What is expected: Filter the entries down to the lines containing "object", and copy those lines.

Extracted entries:
--- START ---

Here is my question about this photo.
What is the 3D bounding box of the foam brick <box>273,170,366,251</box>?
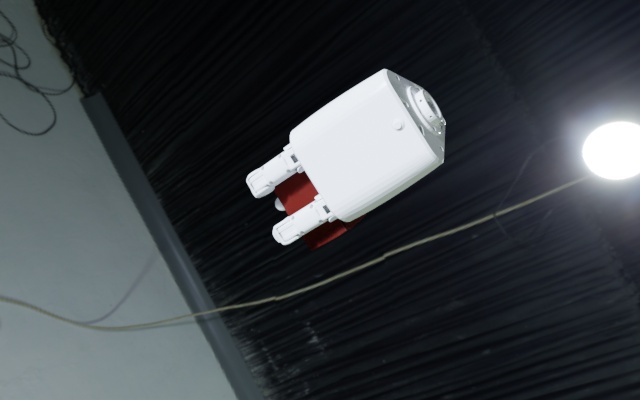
[{"bbox_3d":[0.000,0.002,0.487,0.051,0.078,0.053,-32,1,29],"label":"foam brick"}]
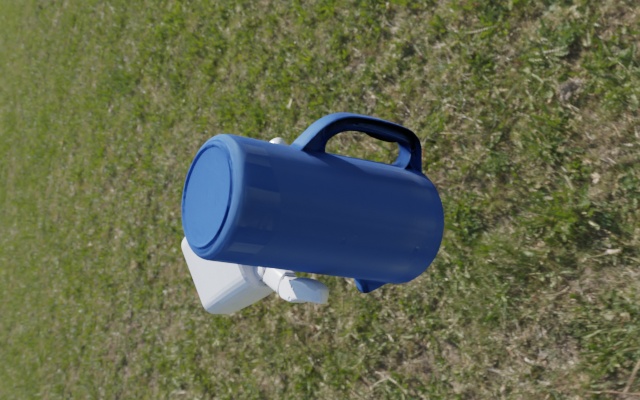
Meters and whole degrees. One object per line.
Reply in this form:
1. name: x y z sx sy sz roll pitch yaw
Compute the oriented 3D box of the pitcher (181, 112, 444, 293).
1. pitcher: 0.000 0.002 0.468 0.243 0.149 0.145 10 -31 -39
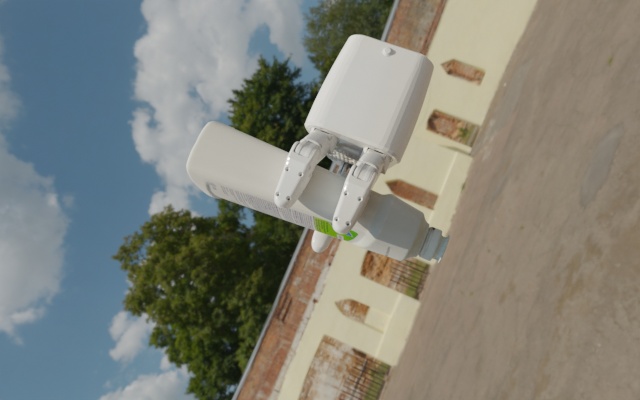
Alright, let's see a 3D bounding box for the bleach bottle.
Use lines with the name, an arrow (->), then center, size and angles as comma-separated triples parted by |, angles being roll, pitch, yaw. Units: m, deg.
bleach bottle -> 0.000, 0.002, 0.470 | 0.251, 0.068, 0.102 | 22, -11, 10
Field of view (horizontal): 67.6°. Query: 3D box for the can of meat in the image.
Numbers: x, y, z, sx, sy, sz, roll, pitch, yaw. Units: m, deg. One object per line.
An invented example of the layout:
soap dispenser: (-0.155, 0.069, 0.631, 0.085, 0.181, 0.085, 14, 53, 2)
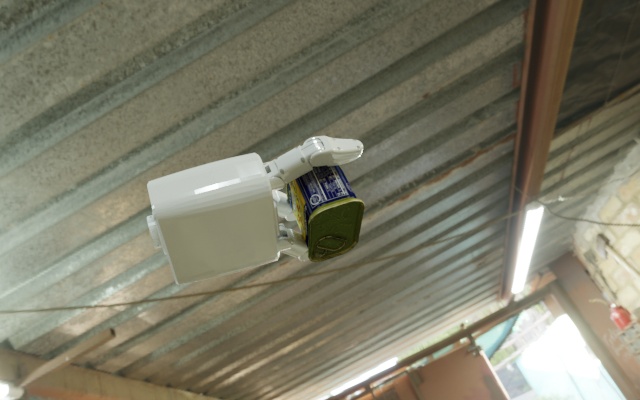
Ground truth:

--- END ---

Output:
Meters and whole degrees. One object per line.
Numbers: x, y, z, sx, sy, sz, roll, pitch, yaw. Units: m, deg. One object per line.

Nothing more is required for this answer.